Fact: If $(a_i)\in [0,1]^I$, then $\times_i a_i$ exists. If, moreover, $\times_i a_i>0$, then there exists a countable subset $C\subseteq I$ with $a_i=1$ for all $i\in I\backslash C$.

Proof: From the obvius fact that if $P\geq 0$ and $0\leq a_i\leq 1$ one has $Pa_i\leq P$, it follows that the net $\pi$ is nonincreasing. It is also obviously bounded below by $0$, so $\times_i a_i$ exists as the limit of a nonincreasing net that is bounded below. Assume now that $\times_i a_i>0$. For each positive natural number $n$, let $F_n=\{ i\in I:a_i<1-1/n \}$. For every $n$, $F_n$ is finite, so $\{i\in I:a_i<1\}=\bigcup_n F_n$ is countable.

Fact: If $I$ is countable and for every $i\in I$, $Y_i$ is a measurable subset of $X_i$, then $\prod_i Y_i$ is in the product $\sigma$-algebra.

Proof: W.l.o.g., let $I=\mathbb{N}$. For every $n$, the set $S_n=X_1\times\ldots X_{n-1}\times Y_n\times X_{n+1}\times\ldots=\pi_n^{-1}(Y_n)$ is by definition in the product $\sigma$-algebra.
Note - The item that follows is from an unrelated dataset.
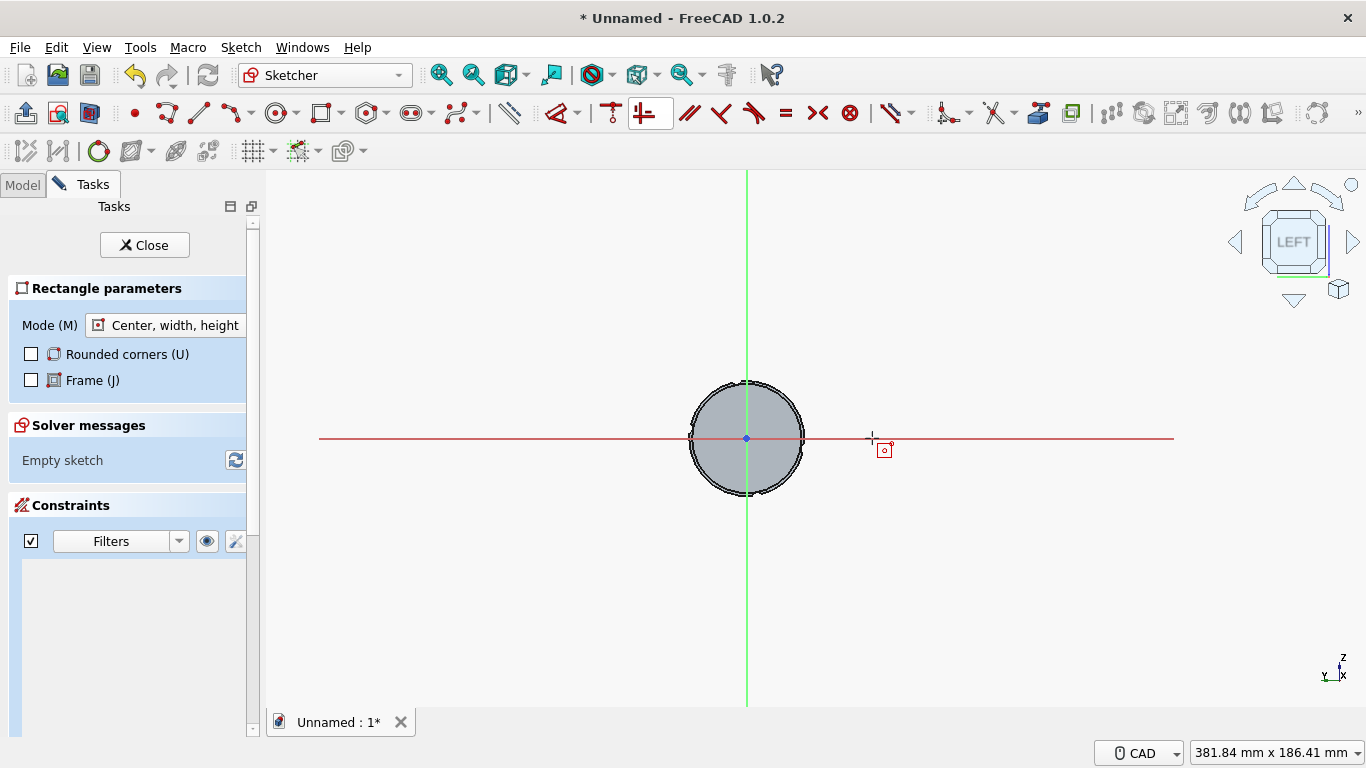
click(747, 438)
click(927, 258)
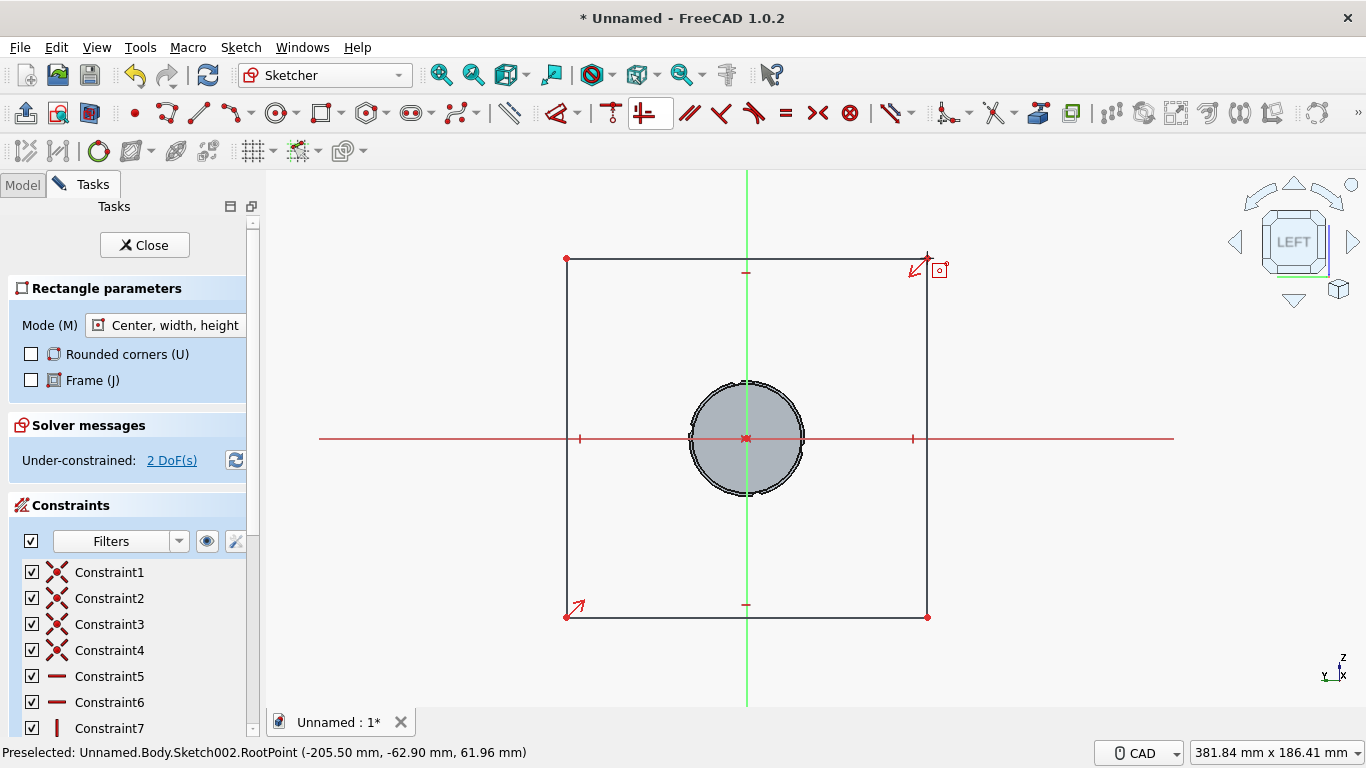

Now $\prod_{n\in\mathbb{N}}Y_n=\bigcap_{n=1}^\infty S_n$ which is in the $\sigma$-algebra as the countable intersection of measurable sets.

By a similar argument, one can show that for a general index set $I$, every measurable set can be written (subject to the usual labeling issues) as $\prod_{i\in C}Y_i\times\prod_{i\in I\backslash{C}}X_i$ with $C$ being a countable subset of $I$ and $Y_i$ an arbitrary measurable subset of $X_i$. So every measurable set in the product $\sigma$-algebra is determined by countably many coordinates. A useful Lemma for thinking about this and related issues is the following:

Lemma: Let $X$ be a set and $\mathcal{Y}$ be a family of subsets of $X$ and let $B\in\sigma(\mathcal{Y})$. Then there exists a countable family $\mathcal{C}\subseteq\mathcal{Y}$ such that $B\in\sigma(\mathcal{C})$.

Proof: Just verify that the family of all sets constructed by countable subfamilies forms a $\sigma$-algebra.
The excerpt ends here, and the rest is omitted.